A web application for Vietnamese Sign Language detection and recognition using trained YOLO models. The system provides both file-upload and real-time detection capabilities through a user-friendly web interface.
Thesis Report: Sign Language Translation Model for Vietnamese
Thesis Demo: Demo Video
This project consists of two main components:
- Backend (FastAPI): YOLO-based sign language detection service with REST API and WebSocket support
- Frontend (React + TypeScript): Modern web interface for both file upload and real-time video detection
- Sign Language Detection: Detect and recognize Vietnamese sign language gestures in images and videos
- Real-time Detection: Process webcam video for instant sign language recognition
- File Upload Processing: Upload and process image/video files for batch detection
- Paraphrasing Service: Convert detected sign language to natural language text
- WebSocket Support: Real-time communication for low-latency video processing
vsl-translator/
├── backend/ # FastAPI backend application
│ ├── app/ # Main application package
│ │ ├── api/ # API endpoints and routes
│ │ ├── core/ # Core configuration
│ │ ├── services/ # Logic services
│ │ └── utils/ # Utility functions
│ ├── fonts/ # Text fonts
│ ├── models/ # YOLO model files
│ ├── requirements.txt # Python dependencies
│ └── run.py # Application entry point
│
└── frontend/ # React+TypeScript frontend
├── src/ # Source code
│ ├── api/ # API client services
│ ├── components/ # React components
| ├── hooks/ # Custom hooks
│ ├── pages/ # Pages
│ └── types/ # TypeScript type definitions
├── public/ # Static assets
└── package.json # NPM dependencies
git clone https://github.com/duwcston/VSL-Translator.git
cd VSL-Translator-
Navigate to the backend directory:
cd backend -
Create and activate a virtual environment:
python -m venv .venv .\.venv\Scripts\activate
-
Install dependencies:
pip install -r requirements.txt
-
Run the FastAPI server:
python run.py
The backend will start at http://localhost:8000 by default.
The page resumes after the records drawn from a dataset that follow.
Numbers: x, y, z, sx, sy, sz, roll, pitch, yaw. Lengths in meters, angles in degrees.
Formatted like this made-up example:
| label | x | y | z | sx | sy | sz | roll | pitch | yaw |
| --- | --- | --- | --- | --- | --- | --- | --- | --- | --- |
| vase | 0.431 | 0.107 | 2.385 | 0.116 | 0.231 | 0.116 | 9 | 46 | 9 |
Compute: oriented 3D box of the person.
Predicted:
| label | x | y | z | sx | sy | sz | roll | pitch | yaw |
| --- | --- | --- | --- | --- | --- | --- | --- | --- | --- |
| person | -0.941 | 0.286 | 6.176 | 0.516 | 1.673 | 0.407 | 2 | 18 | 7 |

The API Document created by SwaggerUI can be access at http://localhost:8000/docs.

-
Navigate to the frontend directory:
cd frontend -
Install dependencies:
npm install
-
Start the development server:
npm run dev
The frontend will be available at http://localhost:5173.
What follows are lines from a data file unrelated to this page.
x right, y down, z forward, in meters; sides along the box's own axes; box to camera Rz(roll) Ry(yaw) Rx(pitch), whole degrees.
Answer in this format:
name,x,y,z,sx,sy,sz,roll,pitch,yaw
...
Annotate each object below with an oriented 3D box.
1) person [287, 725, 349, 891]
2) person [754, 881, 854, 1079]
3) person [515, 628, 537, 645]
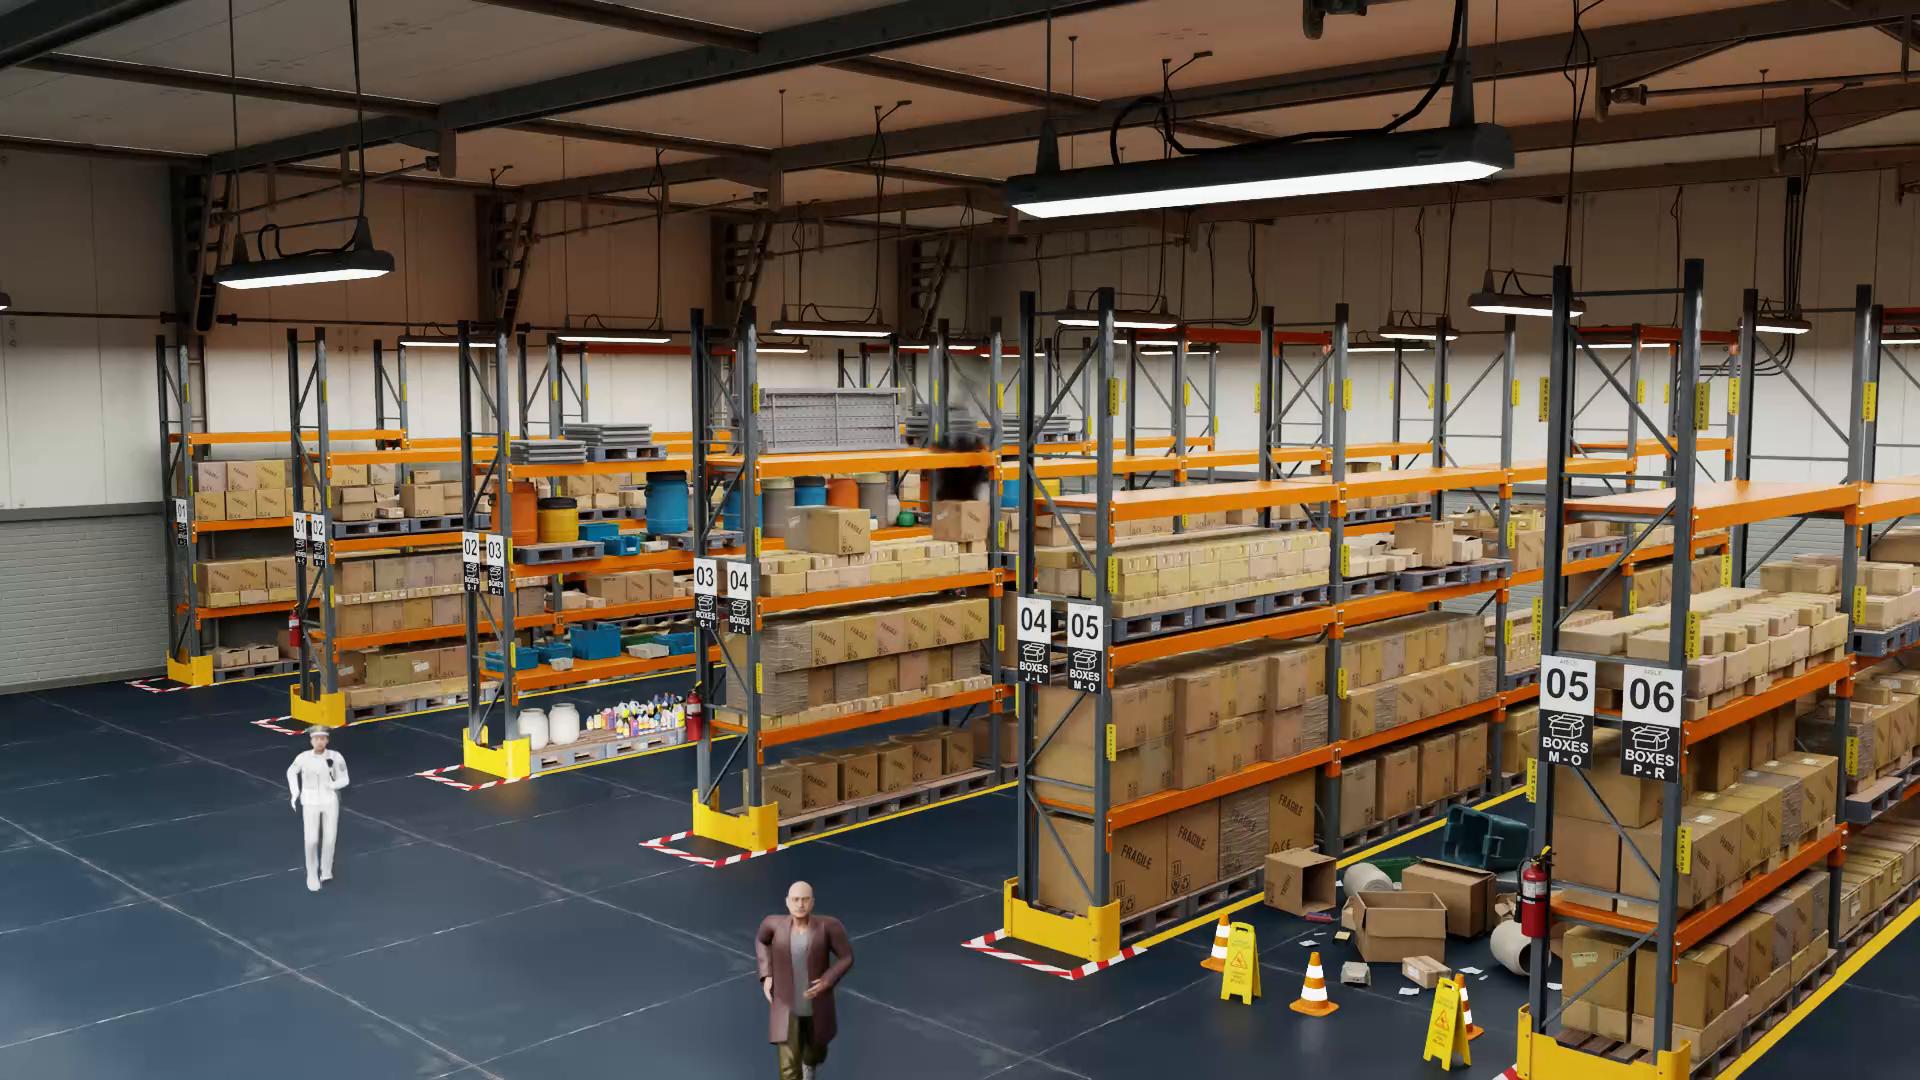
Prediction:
name,x,y,z,sx,sy,sz,roll,pitch,yaw
person,-6.552,2.731,17.017,0.579,1.700,0.685,-2,6,-23
person,-1.068,3.219,11.457,0.672,1.790,1.210,-1,5,-9
person,-8.070,1.437,30.712,0.580,1.747,0.718,4,6,33

This is the UI when start the client.

- Python 3.12+
- CUDA-compatible GPU (recommended for optimal performance)
- 4GB+ RAM
- Node.js 18+
- Modern web browser with WebSocket support
- FastAPI - Web framework for building APIs
- Ultralytics YOLO11 - Object detection model
- OpenCV - Computer vision processing
- WebSockets - Real-time communication
- React 19
- TypeScript
- Vite - Build tool and development server
- Tailwind CSS - CSS framework
-
File Upload Mode:
- User uploads an image or video file
- Backend processes the file using the YOLO model
- Results are returned showing detected sign language with bounding boxes
- Paraphrasing service converts the array of detected signs to natural language
-
Real-time Detection Mode:
- User enables webcam access
- Video frames are sent to backend via WebSocket
- Real-time detection results are streamed back to the frontend
- Detected signs are displayed with visual indicators and text output
MIT License
This project was developed as part of my thesis at International University, VNU-HCM, Vietnam focusing on assistive technology for the hearing impaired through computer vision and deep learning techniques!